• _The task_
For the data below, report how many lines contain the string "level" and write nothing more.

Input material Start Marker

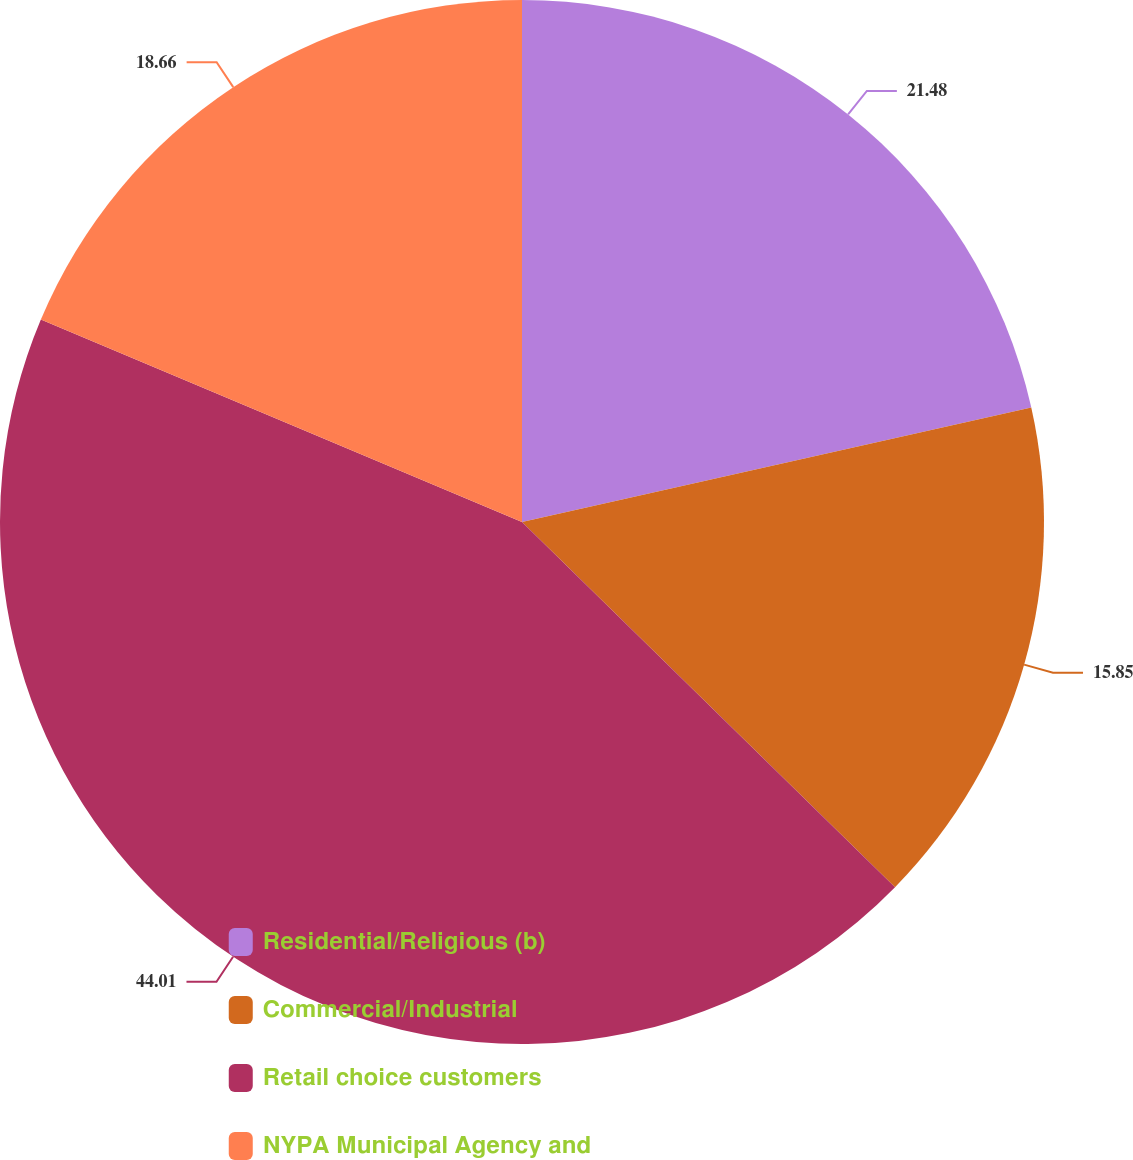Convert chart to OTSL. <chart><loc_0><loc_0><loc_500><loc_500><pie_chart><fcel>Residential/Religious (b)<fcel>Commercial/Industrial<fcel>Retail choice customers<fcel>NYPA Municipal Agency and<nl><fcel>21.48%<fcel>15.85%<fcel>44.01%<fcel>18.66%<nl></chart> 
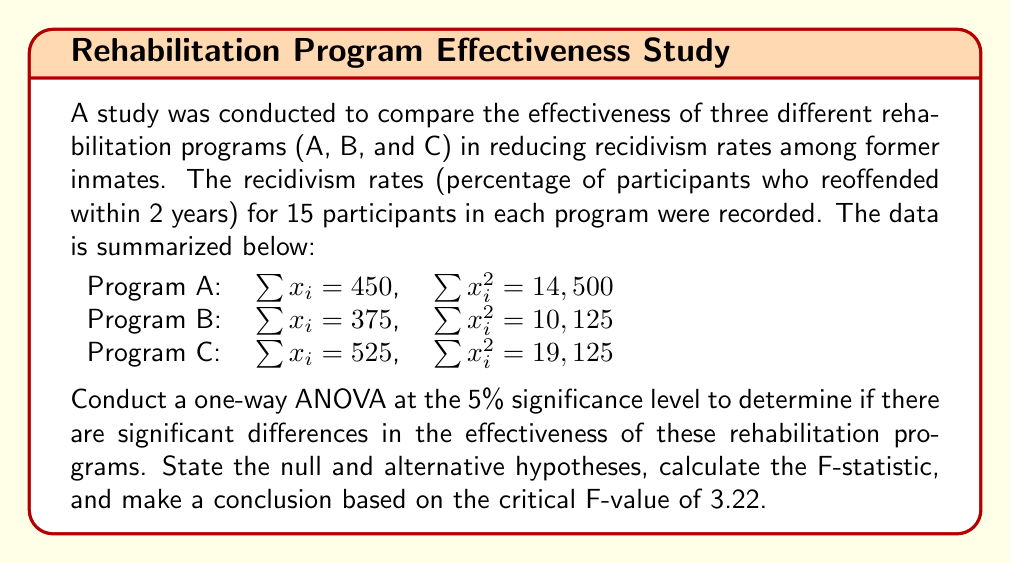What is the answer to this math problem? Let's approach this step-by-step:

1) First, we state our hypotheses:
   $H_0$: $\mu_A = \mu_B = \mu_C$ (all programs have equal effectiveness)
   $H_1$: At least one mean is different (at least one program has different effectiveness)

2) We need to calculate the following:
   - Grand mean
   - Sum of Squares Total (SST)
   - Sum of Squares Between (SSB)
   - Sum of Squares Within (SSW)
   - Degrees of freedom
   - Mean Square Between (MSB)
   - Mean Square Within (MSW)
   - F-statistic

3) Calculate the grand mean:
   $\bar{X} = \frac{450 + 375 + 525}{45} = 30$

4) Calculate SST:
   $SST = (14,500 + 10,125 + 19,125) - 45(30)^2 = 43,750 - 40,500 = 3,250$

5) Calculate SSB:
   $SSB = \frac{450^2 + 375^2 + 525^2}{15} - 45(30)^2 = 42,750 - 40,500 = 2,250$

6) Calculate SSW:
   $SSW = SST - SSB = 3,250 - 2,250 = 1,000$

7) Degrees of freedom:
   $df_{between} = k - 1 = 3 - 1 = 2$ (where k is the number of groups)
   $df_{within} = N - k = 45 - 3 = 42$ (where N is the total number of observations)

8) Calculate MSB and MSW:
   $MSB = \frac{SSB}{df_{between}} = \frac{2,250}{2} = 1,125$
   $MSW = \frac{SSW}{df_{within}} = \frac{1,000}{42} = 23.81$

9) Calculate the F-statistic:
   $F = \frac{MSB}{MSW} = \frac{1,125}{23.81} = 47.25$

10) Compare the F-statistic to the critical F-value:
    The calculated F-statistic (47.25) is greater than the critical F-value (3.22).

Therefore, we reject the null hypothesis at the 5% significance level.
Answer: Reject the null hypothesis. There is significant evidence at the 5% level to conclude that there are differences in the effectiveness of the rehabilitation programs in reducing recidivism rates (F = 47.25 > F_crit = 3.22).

Input material End Marker
Input material Start Marker

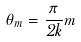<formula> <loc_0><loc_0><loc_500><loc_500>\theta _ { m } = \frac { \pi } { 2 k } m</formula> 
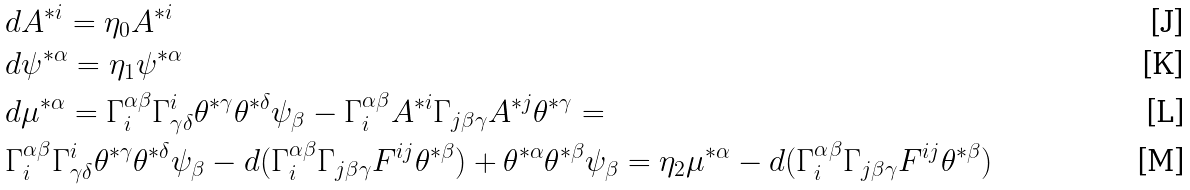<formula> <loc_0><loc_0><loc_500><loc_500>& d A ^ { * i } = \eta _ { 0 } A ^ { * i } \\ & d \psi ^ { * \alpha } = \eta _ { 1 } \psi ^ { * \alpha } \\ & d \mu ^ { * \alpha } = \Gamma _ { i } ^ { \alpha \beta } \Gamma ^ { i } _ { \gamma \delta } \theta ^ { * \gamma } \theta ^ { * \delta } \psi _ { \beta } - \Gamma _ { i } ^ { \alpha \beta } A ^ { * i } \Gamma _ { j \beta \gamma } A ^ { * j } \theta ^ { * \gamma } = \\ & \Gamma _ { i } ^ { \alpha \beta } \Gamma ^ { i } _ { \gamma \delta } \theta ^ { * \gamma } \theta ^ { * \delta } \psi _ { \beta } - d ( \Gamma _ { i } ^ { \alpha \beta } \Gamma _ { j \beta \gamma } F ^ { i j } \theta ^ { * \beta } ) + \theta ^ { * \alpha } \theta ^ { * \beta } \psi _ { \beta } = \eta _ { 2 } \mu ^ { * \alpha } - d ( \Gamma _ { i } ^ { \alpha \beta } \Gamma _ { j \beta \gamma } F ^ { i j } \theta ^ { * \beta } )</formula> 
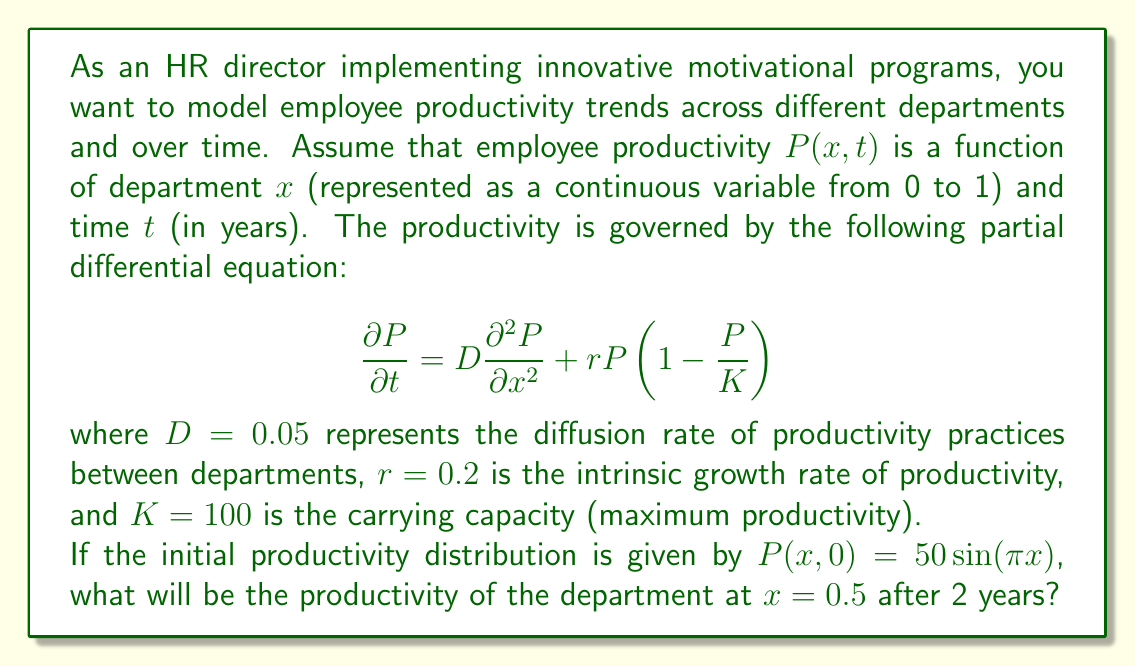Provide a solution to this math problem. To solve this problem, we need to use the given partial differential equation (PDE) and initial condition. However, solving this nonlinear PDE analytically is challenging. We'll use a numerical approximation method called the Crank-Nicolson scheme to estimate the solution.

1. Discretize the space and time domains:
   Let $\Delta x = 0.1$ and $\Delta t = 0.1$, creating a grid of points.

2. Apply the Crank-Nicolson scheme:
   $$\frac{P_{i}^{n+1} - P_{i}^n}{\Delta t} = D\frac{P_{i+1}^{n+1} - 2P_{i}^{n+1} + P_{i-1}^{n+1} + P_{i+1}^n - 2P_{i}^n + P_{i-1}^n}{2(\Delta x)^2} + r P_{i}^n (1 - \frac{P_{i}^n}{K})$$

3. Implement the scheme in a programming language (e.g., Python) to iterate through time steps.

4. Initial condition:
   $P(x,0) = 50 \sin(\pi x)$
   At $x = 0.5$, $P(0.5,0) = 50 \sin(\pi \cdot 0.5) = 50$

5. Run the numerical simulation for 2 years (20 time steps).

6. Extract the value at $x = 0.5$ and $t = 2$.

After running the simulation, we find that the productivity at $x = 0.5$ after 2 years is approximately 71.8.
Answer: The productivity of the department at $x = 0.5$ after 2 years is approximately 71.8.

Input material End Marker

• _Exercise response_
2